Proposition de Directive « HOT » : Application de règles fiscales uniformes aux résultats des ES européens de PME (one-stop-shop)

Le 12 septembre dernier, la Commission Européenne a publié une proposition de directive « Head Offices Tax system for SMEs », ou directive « HOT », prévoyant, pour les ES des PME, une imposition en fonction des règles en vigueur dans le pays du siège social. Elle permettrait, sur option, aux PME exerçant des activités transfrontières par l’intermédiaire d’établissements stables (ES) situés dans l’UE d’appliquer une règle unique de détermination de la base imposable (règles fiscales du pays de son siège) et d’interagir avec la seule administration fiscale de son siège social (obligations déclaratives, estimation et paiement de l’impôt), et non plus de devoir se conformer à l’ensemble des règles fiscales des pays d’implantation des ES.

Contexte

Le système d’imposition en vigueur au sein des pays de l’UE revêt un certain degré de complexité pour les groupes réalisant des activités dans plusieurs pays, ce fardeau étant plus lourd, proportionnellement, pour les PME moins équipées que pour les grands groupes de sociétés. Ainsi, les PME consacreraient environ 2,5 % de leur CA à la conformité fiscale / aux obligations déclaratives versus 0,7 % de leur CA pour les grands groupes.

Dans ce cadre, la proposition de directive « HOT » a pour objectif de permettre aux PME réalisant des activités transfrontières par l’intermédiaire d’ES situés au sein de l’UE d’appliquer une règle unique de détermination de la base imposable (règles fiscales du pays du siège) et d’interagir avec la seule administration fiscale de leur siège (obligations déclaratives, estimation et paiement de l’impôt), et non plus de devoir se conformer à l’ensemble des règles fiscales spécifiques de chacun des pays d’implantation des ES.

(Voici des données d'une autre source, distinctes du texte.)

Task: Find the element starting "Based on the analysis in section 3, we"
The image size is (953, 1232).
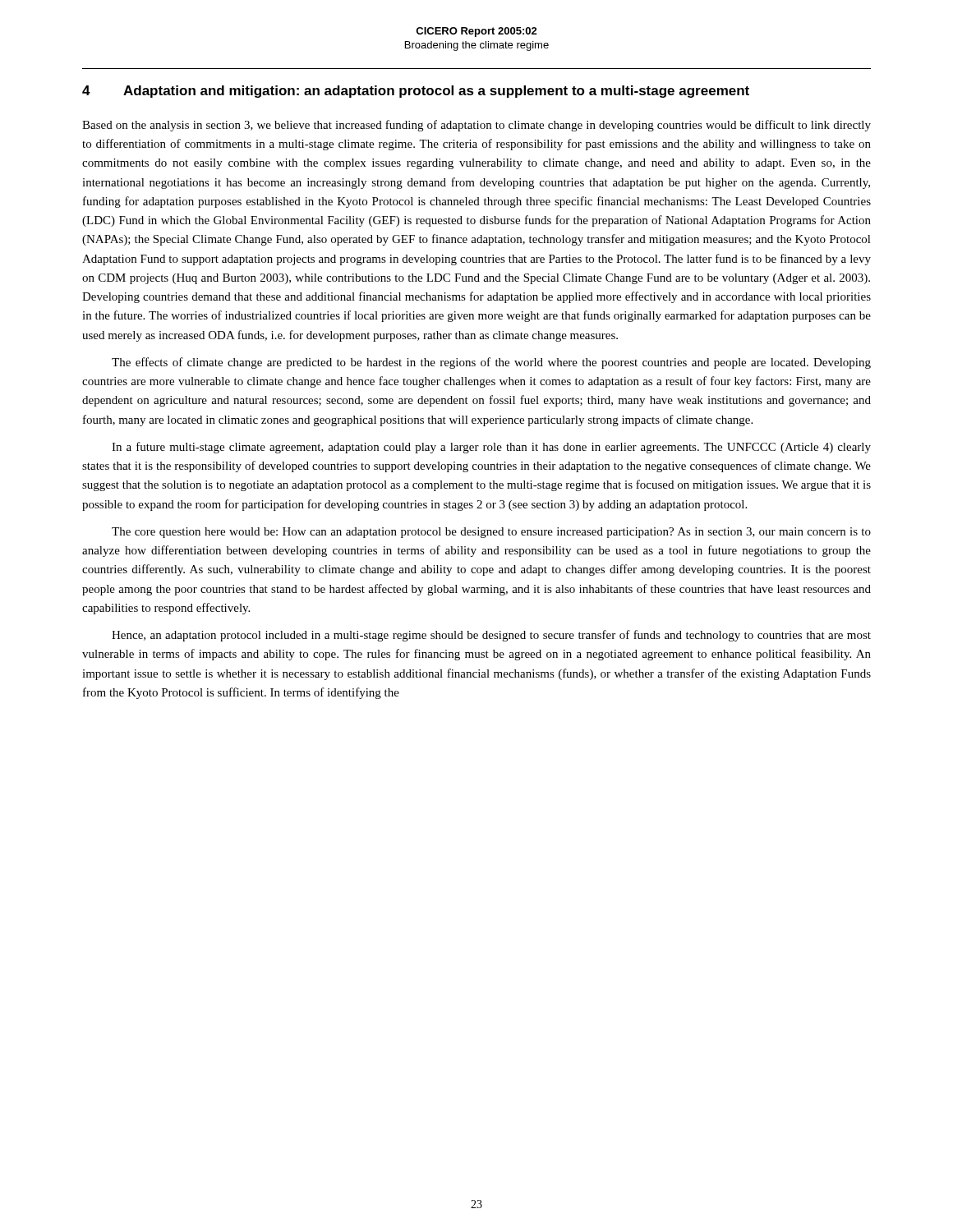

Cette proposition aurait pour objectif de renforcer la sécurité et l’équité fiscales, de réduire les coûts de mise en conformité et les distorsions du marché qui influencent les décisions des entreprises, tout en minimisant le risque de double imposition et de surimposition, ainsi que les contentieux fiscaux.

Elle tendrait ainsi à mettre les PME européennes en mesure de tirer pleinement profit de la liberté d’établissement et de la libre circulation des capitaux sans être entravées par des obstacles fiscaux supplémentaires.

La directive n’aurait pas d’impact sur les taux d’impôt sur le résultat, les règles comptables applicables aux PME ni les règles de protection sociale applicables aux travailleurs, qui resteraient de la compétence de chacun des Etats dans lesquels les ES seraient implantés.

Contenu de la proposition de Directive

Champ d’application

La directive s’appliquerait :

  • aux PME autonomes,
  • établies dans un pays de l’UE sous une certaine forme juridique,
  • exerçant leur activité dans le pays de leur siège ainsi que dans d’autres pays de l’UE mais strictement sous la forme d’ES, et non sous la forme de filiales (article 2).

Les activités de transport maritime international soumises à la taxe au tonnage seraient exclues.

Eligibilité, conditions, options et exclusions

L’option serait ouverte aux PME remplissant les conditions suivantes (article 4) :

  • Être résidente fiscale du même EM depuis plus de 2 exercices fiscaux ;
  • Exercer une activité dans les autres EM exclusivement sous la forme d’ES ;
  • Avoir réalisé au titre des 2 derniers exercices fiscaux, un CA au niveau du siège qui soit supérieur à 50 % de la somme des CA des ES dans les autres EM.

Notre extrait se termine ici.